Author: Stephen Doyle, stephen.doyle[at]sanger.ac.uk

Contents

PCA of mitochondrial variation

# working directory
/nfs/users/nfs_s/sd21/lustre118_link/trichuris_trichiura/05_ANALYSIS/PCA
# load libraries
library(tidyverse)
library(gdsfmt)
library(SNPRelate)
library(ggsci)

snpgdsClose(genofile)

vcf.in <- "mito_samples3x_missing0.8.recode.vcf.gz"

gds <- snpgdsVCF2GDS(vcf.in, "mtDNA_1.gds", method="biallelic.only")

genofile <- snpgdsOpen(gds)

pca <- snpgdsPCA(genofile, num.thread=2, autosome.only = F)

samples <- as.data.frame(pca$sample.id)

colnames(samples) <- "name"

metadata <- samples %>% separate(name,c("time", "country","population","host","sampleID"))

metadata <- metadata %>%
  mutate(SAMPLE_AGE = ifelse(time == "AN", "Ancient",
               ifelse(host == "HS", "Modern Human", "Modern Animal")))


data <-
     data.frame(sample.id = pca$sample.id,
          EV1 = pca$eigenvect[,1],
          EV2 = pca$eigenvect[,2],
          EV3 = pca$eigenvect[,3],
          EV4 = pca$eigenvect[,4],
          EV5 = pca$eigenvect[,5],
          EV6 = pca$eigenvect[,6],
          TIME = metadata$SAMPLE_AGE,
          COUNTRY = metadata$country,
          POPULATION = metadata$population,
          HOST = metadata$host,
          stringsAsFactors = FALSE)

country_colours <-
     c("CHN" = "#00A087",
     "CMR" = "#902F21",
     "DNK" = "#3C5488",
     "ESP" = "#E7EAF0",
     "HND" = "#4DBBD5",
     "NLD" = "#9DAAC4",
     "UGA" = "#E64B35",
     "LTU" = "#0F1522",
     "TZA" = "#F2A59A")


plot_pca <-
     ggplot(data, aes(EV1, EV2, col = COUNTRY, shape = TIME, label = COUNTRY)) +
     geom_text(size=4) +
     theme_bw() +
     labs(title="mito_samples3x_missing0.8",
          x = paste0("PC1 variance: ",round(pca$varprop[1]*100,digits=2),"%"),
          y = paste0("PC2 variance: ",round(pca$varprop[2]*100,digits=2),"%"))+
     scale_colour_manual(values = country_colours)

plot_pca

ggsave("plot_PCA_mito_samples3x_missing0.8.png")
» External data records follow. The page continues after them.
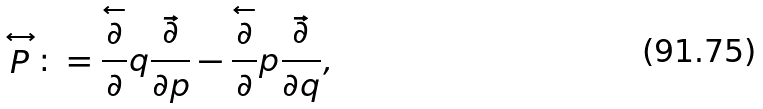<formula> <loc_0><loc_0><loc_500><loc_500>\stackrel { \leftrightarrow } { P } \colon = \frac { \stackrel { \leftarrow } { \partial } } \partial q \frac { \vec { \partial } } { \partial p } - \frac { \stackrel { \leftarrow } { \partial } } \partial p \frac { \vec { \partial } } { \partial q } ,</formula> 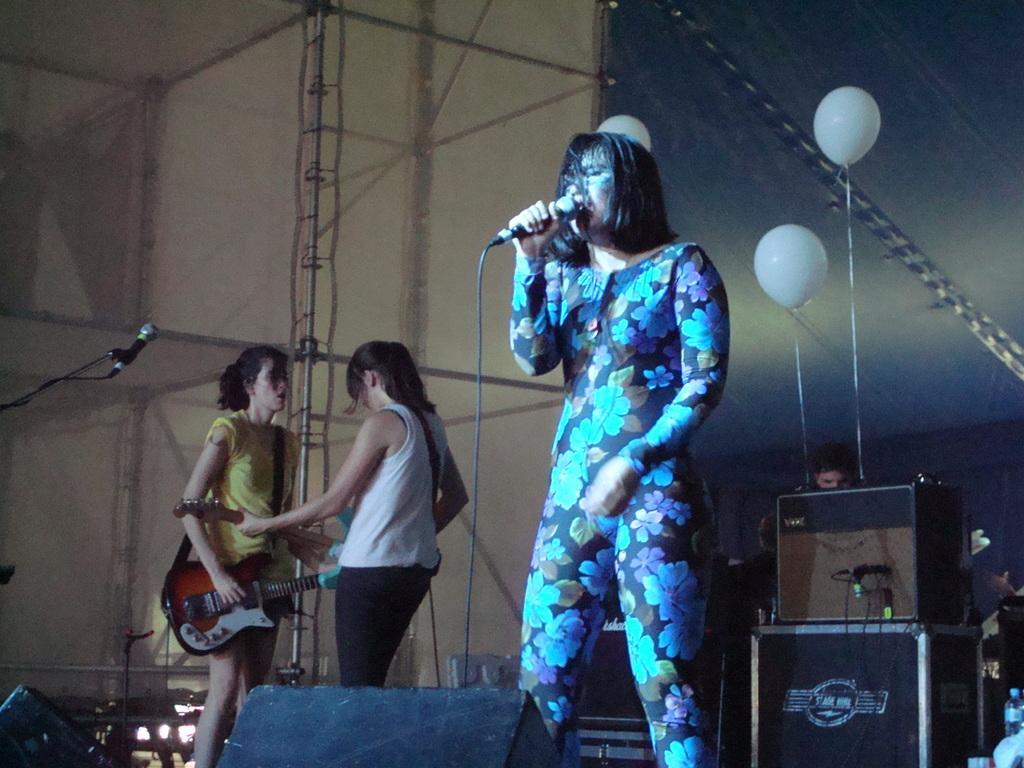In one or two sentences, can you explain what this image depicts? This woman wore floral dress and singing in-front of mic. Far this two womens are facing each other and playing guitars. At background there are balloons and devices. This is mic with holder. 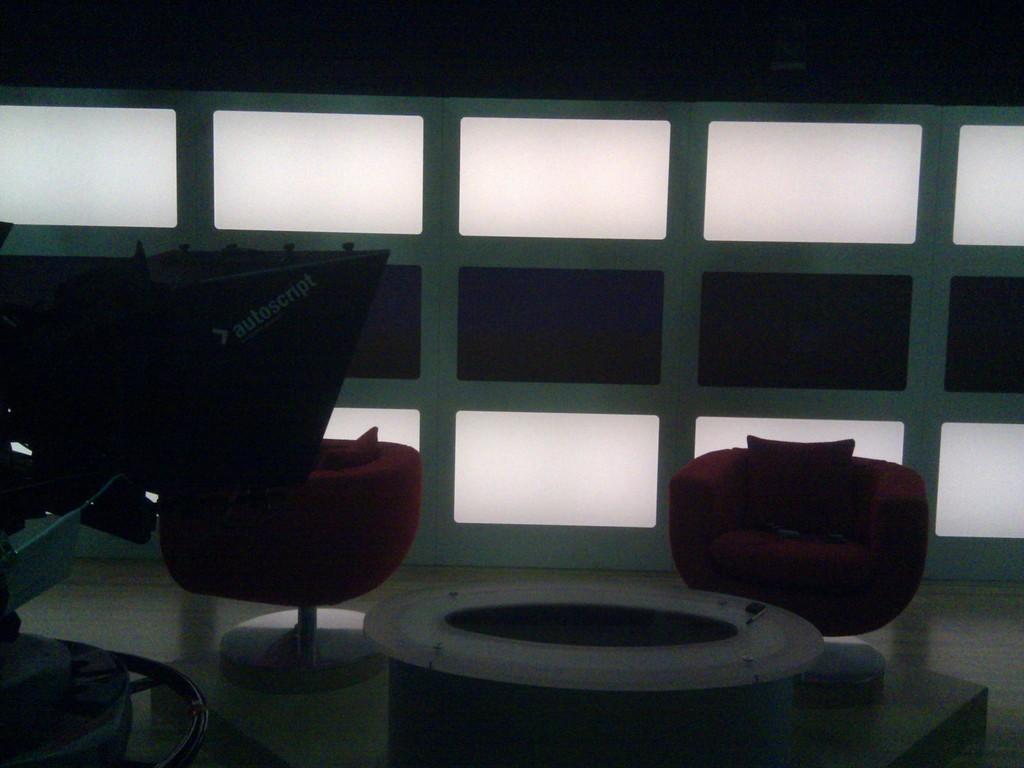Can you describe this image briefly? In this image inside a room there are two chairs. Here is a table. This is looking like a machine. In the background on the wall there are lights. 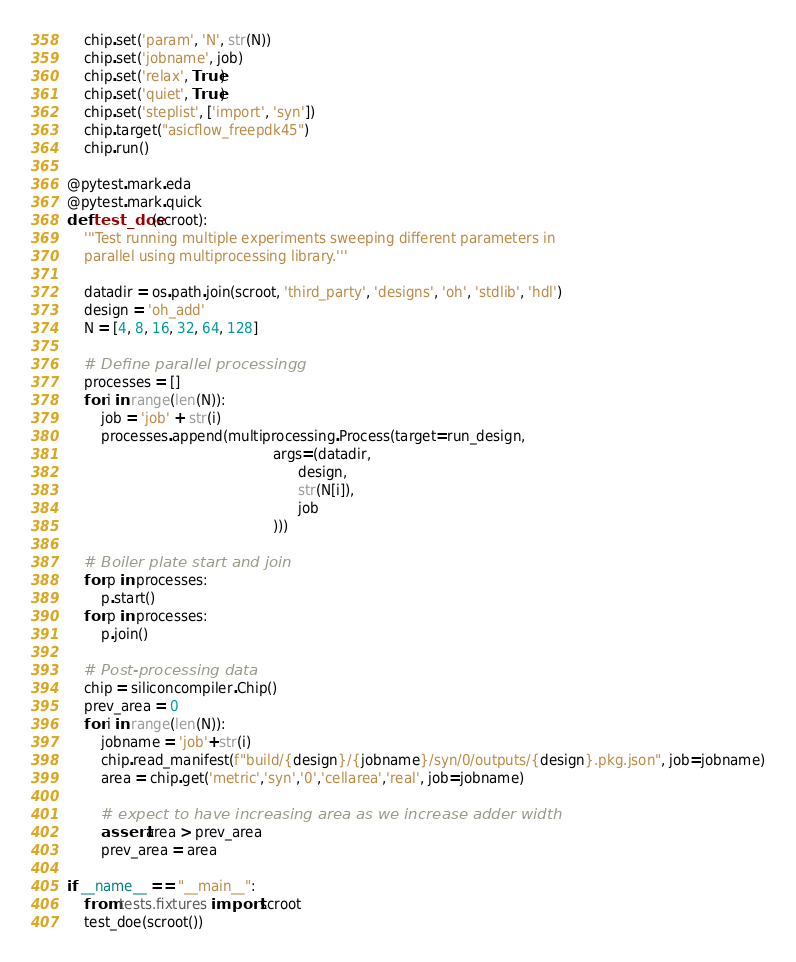<code> <loc_0><loc_0><loc_500><loc_500><_Python_>    chip.set('param', 'N', str(N))
    chip.set('jobname', job)
    chip.set('relax', True)
    chip.set('quiet', True)
    chip.set('steplist', ['import', 'syn'])
    chip.target("asicflow_freepdk45")
    chip.run()

@pytest.mark.eda
@pytest.mark.quick
def test_doe(scroot):
    '''Test running multiple experiments sweeping different parameters in
    parallel using multiprocessing library.'''

    datadir = os.path.join(scroot, 'third_party', 'designs', 'oh', 'stdlib', 'hdl')
    design = 'oh_add'
    N = [4, 8, 16, 32, 64, 128]

    # Define parallel processingg
    processes = []
    for i in range(len(N)):
        job = 'job' + str(i)
        processes.append(multiprocessing.Process(target=run_design,
                                                args=(datadir,
                                                      design,
                                                      str(N[i]),
                                                      job
                                                )))

    # Boiler plate start and join
    for p in processes:
        p.start()
    for p in processes:
        p.join()

    # Post-processing data
    chip = siliconcompiler.Chip()
    prev_area = 0
    for i in range(len(N)):
        jobname = 'job'+str(i)
        chip.read_manifest(f"build/{design}/{jobname}/syn/0/outputs/{design}.pkg.json", job=jobname)
        area = chip.get('metric','syn','0','cellarea','real', job=jobname)

        # expect to have increasing area as we increase adder width
        assert area > prev_area
        prev_area = area

if __name__ == "__main__":
    from tests.fixtures import scroot
    test_doe(scroot())
</code>

# use this to label with sample names
#ggplot(tab,aes(EV1,EV2, col = COUNTRY, shape = TIME, label = COUNTRY)) + geom_point(size=4)

vcftools \
--gzvcf Trichuris_trichiura.cohort.mito_variants.final.recode.vcf.gz \
--keep mtDNA_3x_noLF.list \
--max-missing 0.8 \
--recode --recode-INFO-all \
--out mito_samples3x_missing0.8_noLF

gzip -f mito_samples3x_missing0.8_noLF*

#> After filtering, kept 48 out of 61 Individuals
#> After filtering, kept 1291 out of a possible 1888 Sites

# load libraries
library(tidyverse)
library(gdsfmt)
library(SNPRelate)
library(ggsci)
library(patchwork)

snpgdsClose(genofile)
vcf.in <- "mito_samples3x_missing0.8_noLF.recode.vcf.gz"
gds <- snpgdsVCF2GDS(vcf.in, "mtDNA.gds", method="biallelic.only")
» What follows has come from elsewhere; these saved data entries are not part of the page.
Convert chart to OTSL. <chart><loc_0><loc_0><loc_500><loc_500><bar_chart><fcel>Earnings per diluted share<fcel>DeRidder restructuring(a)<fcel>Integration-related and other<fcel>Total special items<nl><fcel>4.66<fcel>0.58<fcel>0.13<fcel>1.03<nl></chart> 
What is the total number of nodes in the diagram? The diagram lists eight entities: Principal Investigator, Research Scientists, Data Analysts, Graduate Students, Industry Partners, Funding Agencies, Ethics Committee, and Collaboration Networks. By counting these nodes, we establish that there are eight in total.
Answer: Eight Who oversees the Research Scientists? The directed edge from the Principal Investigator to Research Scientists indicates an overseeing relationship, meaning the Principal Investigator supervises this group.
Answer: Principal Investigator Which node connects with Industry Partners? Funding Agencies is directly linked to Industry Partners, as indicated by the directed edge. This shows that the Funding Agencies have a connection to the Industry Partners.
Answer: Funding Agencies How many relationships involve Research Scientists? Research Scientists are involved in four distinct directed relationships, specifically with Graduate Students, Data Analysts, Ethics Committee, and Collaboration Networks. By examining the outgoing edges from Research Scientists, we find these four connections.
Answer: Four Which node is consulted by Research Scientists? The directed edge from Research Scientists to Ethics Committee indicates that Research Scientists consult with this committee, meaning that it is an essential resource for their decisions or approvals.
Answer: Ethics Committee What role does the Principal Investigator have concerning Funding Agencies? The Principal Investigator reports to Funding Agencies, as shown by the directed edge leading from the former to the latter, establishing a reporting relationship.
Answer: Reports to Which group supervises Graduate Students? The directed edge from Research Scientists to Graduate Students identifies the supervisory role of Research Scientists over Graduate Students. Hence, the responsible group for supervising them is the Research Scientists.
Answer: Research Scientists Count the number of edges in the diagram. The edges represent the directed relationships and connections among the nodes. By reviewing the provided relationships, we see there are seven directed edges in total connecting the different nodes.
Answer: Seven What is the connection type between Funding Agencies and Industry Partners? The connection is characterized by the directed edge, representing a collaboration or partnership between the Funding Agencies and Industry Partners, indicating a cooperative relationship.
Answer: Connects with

genofile <- snpgdsOpen(gds)

pca <- snpgdsPCA(genofile, num.thread=2, autosome.only = F)
# Working space: 56 samples, 802 SNPs

samples <- as.data.frame(pca$sample.id)
colnames(samples) <- "name"

metadata <- samples %>% separate(name,c("time", "country","population","host","sampleID"))
metadata <- metadata %>%
  mutate(SAMPLE_AGE = ifelse(time == "AN", "Ancient",
               ifelse(host == "HS", "Modern Human", "Modern Animal")))


data <-
     data.frame(sample.id = pca$sample.id,
          EV1 = pca$eigenvect[,1],
          EV2 = pca$eigenvect[,2],
          EV3 = pca$eigenvect[,3],
          EV4 = pca$eigenvect[,4],
          EV5 = pca$eigenvect[,5],
          EV6 = pca$eigenvect[,6],
          TIME = metadata$SAMPLE_AGE,
          COUNTRY = metadata$country,
          POPULATION = metadata$population,
          HOST = metadata$host,
          stringsAsFactors = FALSE)

country_colours <-
     c("CHN" = "#00A087",
     "CMR" = "#902F21",
     "DNK" = "#3C5488",
     "ESP" = "#E7EAF0",
     "HND" = "#4DBBD5",
     "NLD" = "#9DAAC4",
     "UGA" = "#E64B35",
     "LTU" = "#0F1522",
     "TZA" = "#F2A59A")


plot_pca_mito <-
     ggplot(data, aes(EV1, EV2, col = COUNTRY, shape = TIME, label = COUNTRY),alpha=1) +
     geom_rect(aes(xmin=-0.125, ymin=-0.01, xmax=-0.05, ymax=0.025), fill=NA, col="black", linetype="dotted", size=0.3) +
     geom_point(size=4, alpha=1) +
     theme_bw() +
     labs(x = paste0("PC1 variance: ",round(pca$varprop[1]*100,digits=2),"%"),
          y = paste0("PC2 variance: ",round(pca$varprop[2]*100,digits=2),"%")) +
     scale_colour_manual(values = country_colours)

plot_pca_mito_zoom <-
     ggplot(data, aes(EV1,EV2, col = COUNTRY, shape = TIME, label = paste0(TIME,"_",COUNTRY,"_",POPULATION,"_",HOST))) +
     geom_point(size=4, alpha=1) +
     theme_bw() +
     labs(x = "PC1",
          y = "PC2") +
     xlim(-0.125,-0.05) + ylim(-0.01, 0.025) +
     scale_colour_manual(values = country_colours)

# note: geom_rect in first plot and zoom coordinates were adjusted manually to show the cluster clearly.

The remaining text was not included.